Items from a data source
_ _ _

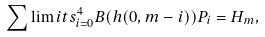Convert formula to latex. <formula><loc_0><loc_0><loc_500><loc_500>\sum \lim i t s _ { i = 0 } ^ { 4 } B ( h ( 0 , m - i ) ) P _ { i } = H _ { m } ,</formula> 
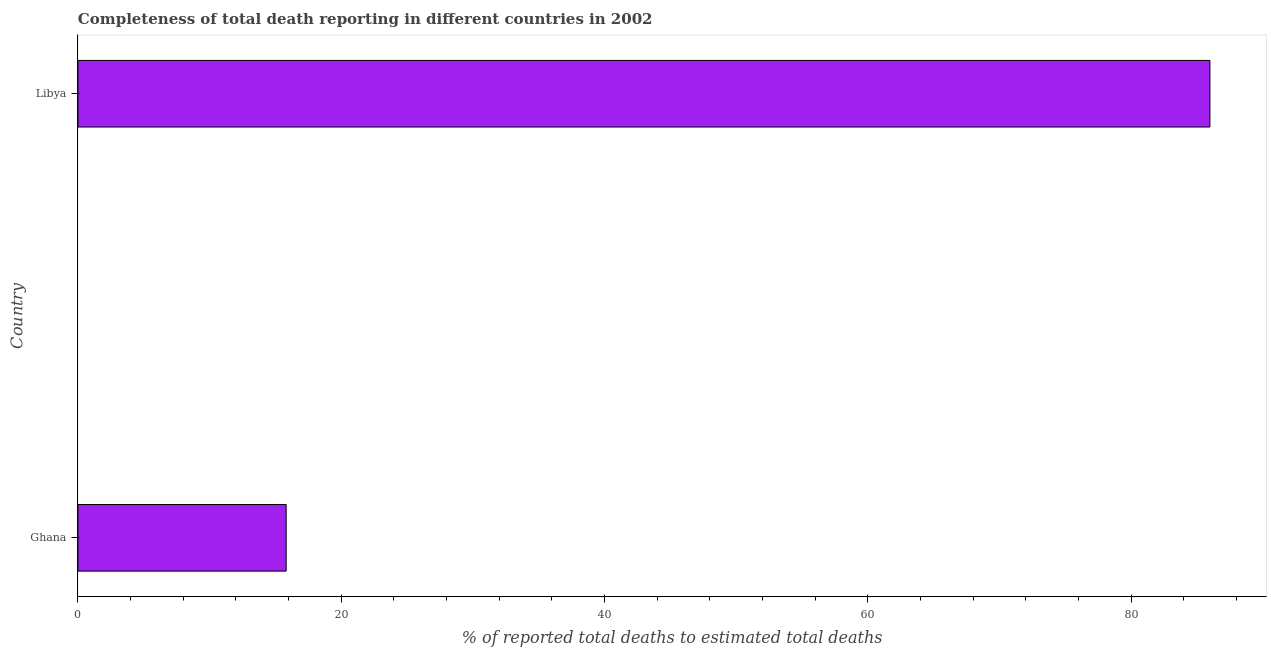Does the graph contain any zero values?
Your answer should be compact. No. What is the title of the graph?
Give a very brief answer. Completeness of total death reporting in different countries in 2002. What is the label or title of the X-axis?
Make the answer very short. % of reported total deaths to estimated total deaths. What is the label or title of the Y-axis?
Offer a terse response. Country. What is the completeness of total death reports in Ghana?
Make the answer very short. 15.82. Across all countries, what is the maximum completeness of total death reports?
Ensure brevity in your answer.  85.99. Across all countries, what is the minimum completeness of total death reports?
Your response must be concise. 15.82. In which country was the completeness of total death reports maximum?
Keep it short and to the point. Libya. In which country was the completeness of total death reports minimum?
Provide a succinct answer. Ghana. What is the sum of the completeness of total death reports?
Ensure brevity in your answer.  101.81. What is the difference between the completeness of total death reports in Ghana and Libya?
Offer a very short reply. -70.17. What is the average completeness of total death reports per country?
Provide a succinct answer. 50.9. What is the median completeness of total death reports?
Offer a terse response. 50.9. In how many countries, is the completeness of total death reports greater than 68 %?
Your answer should be very brief. 1. What is the ratio of the completeness of total death reports in Ghana to that in Libya?
Your answer should be very brief. 0.18. Are all the bars in the graph horizontal?
Provide a succinct answer. Yes. How many countries are there in the graph?
Your response must be concise. 2. What is the difference between two consecutive major ticks on the X-axis?
Provide a short and direct response. 20. What is the % of reported total deaths to estimated total deaths of Ghana?
Ensure brevity in your answer.  15.82. What is the % of reported total deaths to estimated total deaths of Libya?
Provide a succinct answer. 85.99. What is the difference between the % of reported total deaths to estimated total deaths in Ghana and Libya?
Offer a terse response. -70.18. What is the ratio of the % of reported total deaths to estimated total deaths in Ghana to that in Libya?
Your answer should be compact. 0.18.

_ _ _

Try it
What is needed is an exact repeat of the records, with every picture left out.

Result for this exercise
Convert formula to latex. <formula><loc_0><loc_0><loc_500><loc_500>\sum \lim i t s _ { i = 0 } ^ { 4 } B ( h ( 0 , m - i ) ) P _ { i } = H _ { m } ,</formula> 
Does the graph contain any zero values?
Your answer should be compact. No. What is the title of the graph?
Give a very brief answer. Completeness of total death reporting in different countries in 2002. What is the label or title of the X-axis?
Make the answer very short. % of reported total deaths to estimated total deaths. What is the label or title of the Y-axis?
Offer a terse response. Country. What is the completeness of total death reports in Ghana?
Make the answer very short. 15.82. Across all countries, what is the maximum completeness of total death reports?
Ensure brevity in your answer.  85.99. Across all countries, what is the minimum completeness of total death reports?
Your response must be concise. 15.82. In which country was the completeness of total death reports maximum?
Keep it short and to the point. Libya. In which country was the completeness of total death reports minimum?
Provide a succinct answer. Ghana. What is the sum of the completeness of total death reports?
Ensure brevity in your answer.  101.81. What is the difference between the completeness of total death reports in Ghana and Libya?
Offer a very short reply. -70.17. What is the average completeness of total death reports per country?
Provide a succinct answer. 50.9. What is the median completeness of total death reports?
Offer a terse response. 50.9. In how many countries, is the completeness of total death reports greater than 68 %?
Your answer should be very brief. 1. What is the ratio of the completeness of total death reports in Ghana to that in Libya?
Your answer should be very brief. 0.18. Are all the bars in the graph horizontal?
Provide a succinct answer. Yes. How many countries are there in the graph?
Your response must be concise. 2. What is the difference between two consecutive major ticks on the X-axis?
Provide a short and direct response. 20. What is the % of reported total deaths to estimated total deaths of Ghana?
Ensure brevity in your answer.  15.82. What is the % of reported total deaths to estimated total deaths of Libya?
Provide a succinct answer. 85.99. What is the difference between the % of reported total deaths to estimated total deaths in Ghana and Libya?
Offer a terse response. -70.18. What is the ratio of the % of reported total deaths to estimated total deaths in Ghana to that in Libya?
Your answer should be compact. 0.18.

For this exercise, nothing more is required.